Он вдруг понимает, что на самом деле не так уж и робок, и он благодарен женщине, с помощью которой он понял это.
Он говорит: выходи за меня замуж.
Я смеюсь.
Он топорщится.
Мне становится его жалко.
Говорю: дай подумать.
Мыслю так: у человека деньги, квартира и тэ пэ. Я поживу самостоятельно, вне родителей. С таким человеком легко жить самостоятельно. Будто – одна. Коли захочется – изменять ему буду без угрызений совести. А через год разведусь – с разделом «совместно нажитого», выражаясь юридически, имущества. Правда, он, как свойственно таким влюбчивым самолюбивым мужчинам, теряя собственность (к ней относятся и любовь, и предмет любви), остервенится, будет злорадно крутить перед моим носом разнообразные шиши. Но я найду способ обломать его.
Ничего я не найду и не буду искать.
Я знаю себя: почувствую себя обязанной этому дрючку.
И – тоска.
Попытки начать «серьезный разговор»: не сошлись характерами, ошиблись друг в друге… Он и кричит, и плачет, и грозит, и канючит, говорит, что убьет меня, говорит, что себя убьет… И длиться это будет тринадцать лет и три года – до тех пор, пока он не попадет на своей новой машине в ДТП, – его сомнет и опрокинет еще более новая и мощная машина, поступив с ним, как с жестянкой из-под пива, – и так замкнется круг.
Голова все болела, Давид Давидович озабоченно спрашивал: где именно болит, как именно болит? Бровь, сказал, штопать не будем, и так срастется, будет очаровательная бровь с очаровательным шрамом. Такие шрамы придают женщинам шарм, сказал он. Каламбур, сказала я. Он не улыбнулся. Я спросила: а почему я хуже вижу? Глупости, девочка, глупости, поворачивал он мою голову к свету, с чего ты взяла, что хуже? Между прочим, у каждого из нас один глаз видит не так, как другой, одно ухо слышит не так, как другое. Но кто тебе сказал, что – хуже? Лично у меня один глаз все видит в более ярких цветах.

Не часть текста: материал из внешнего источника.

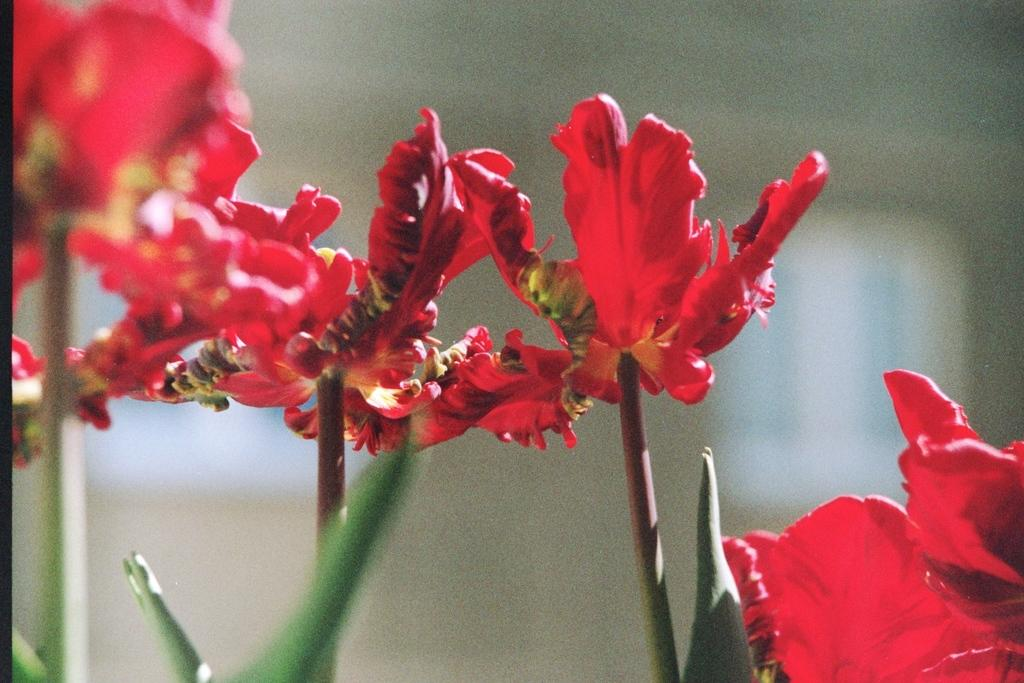What type of plants can be seen in the image? There are flowers in the image. What parts of the flowers are visible? The flowers have stems. What else can be seen at the bottom of the image? There are leaves at the bottom of the image. How would you describe the background of the image? The background of the image is blurry. Who is the owner of the protest in the image? There is no protest present in the image, so there is no owner to identify. 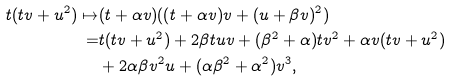Convert formula to latex. <formula><loc_0><loc_0><loc_500><loc_500>t ( t v + u ^ { 2 } ) \mapsto & ( t + \alpha v ) ( ( t + \alpha v ) v + ( u + \beta v ) ^ { 2 } ) \\ = & t ( t v + u ^ { 2 } ) + 2 \beta t u v + ( \beta ^ { 2 } + \alpha ) t v ^ { 2 } + \alpha v ( t v + u ^ { 2 } ) \\ & + 2 \alpha \beta v ^ { 2 } u + ( \alpha \beta ^ { 2 } + \alpha ^ { 2 } ) v ^ { 3 } ,</formula> 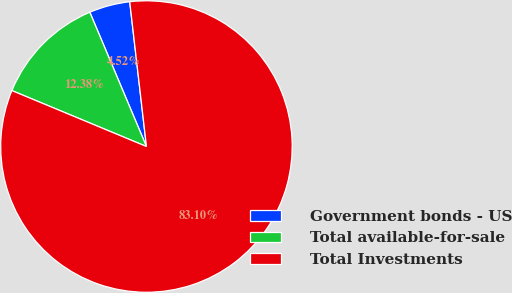Convert chart. <chart><loc_0><loc_0><loc_500><loc_500><pie_chart><fcel>Government bonds - US<fcel>Total available-for-sale<fcel>Total Investments<nl><fcel>4.52%<fcel>12.38%<fcel>83.1%<nl></chart>

Синее – сине´е, красное – красне´е. А для другого все кажется бледно-синим, бледно-красным. Однако вопрос: тот ли глаз, который все видит ярче, действительно все видит нормально? Может, он как раз видит ненормально, а нормально видит тот, для которого будто бы все бледнее? Так что, девочка, это не один глаз у тебя видит хуже, а другой видит лучше, вот и все.
Я не спорила.
Но на следующий день глаз совсем затуманился. И никак не проходила головная боль. Что-то кололи, боль становилась тупой, но не исчезала.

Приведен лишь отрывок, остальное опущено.